The City of London corporation operates some of the most important open spaces in London and the south-east, including Epping forest and Hampstead heath. There are also important local authority parks. In Newham there is West Ham park and there is Queen’s park in the London borough of Brent. It was often under private Acts of Parliament, frequently through bequests of what were the curtilage of large mansion houses, that these local parks and amenities were founded, often back in the 18th and 19th centuries.
Conservators have exactly the same issues as local authorities in terms of the public open spaces they administer, so it is sensible to include these places in order not to have duplication but to ensure there is not an opportunity for some of these powers to slip through the net. Conservators are not required to use the orders, and they can keep to the local byelaws if they so wish. If they do make an order, however, and the local authority for the area makes its own, the local authority’s order will take precedence.
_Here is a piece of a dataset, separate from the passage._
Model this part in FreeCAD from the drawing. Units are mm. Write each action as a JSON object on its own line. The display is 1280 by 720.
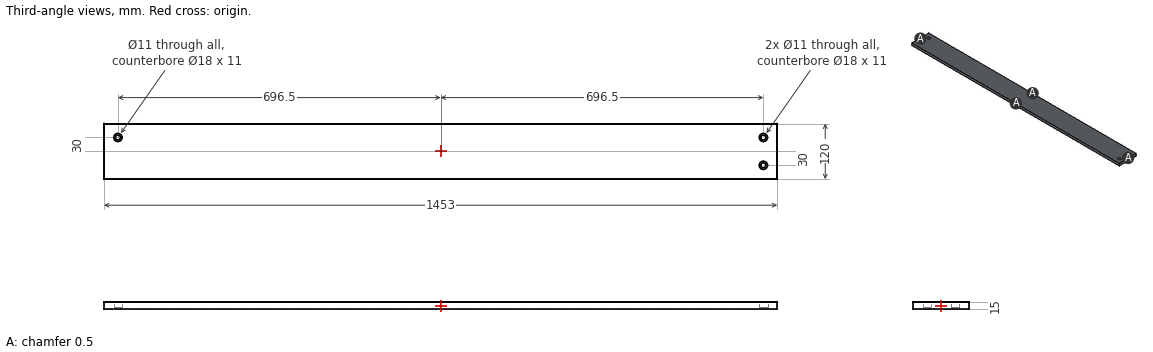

That is right.
These clauses are sensibly drafted. The powers of the City of London corporation would not in any way usurp those of the relevant local authority, but this does provide a belt-and-braces approach to ensure there is a proper focus on public order within those important open spaces.
I wish the Minister and Government well in getting this change into the Bill and I hope there will be no opposition from any corner of this House.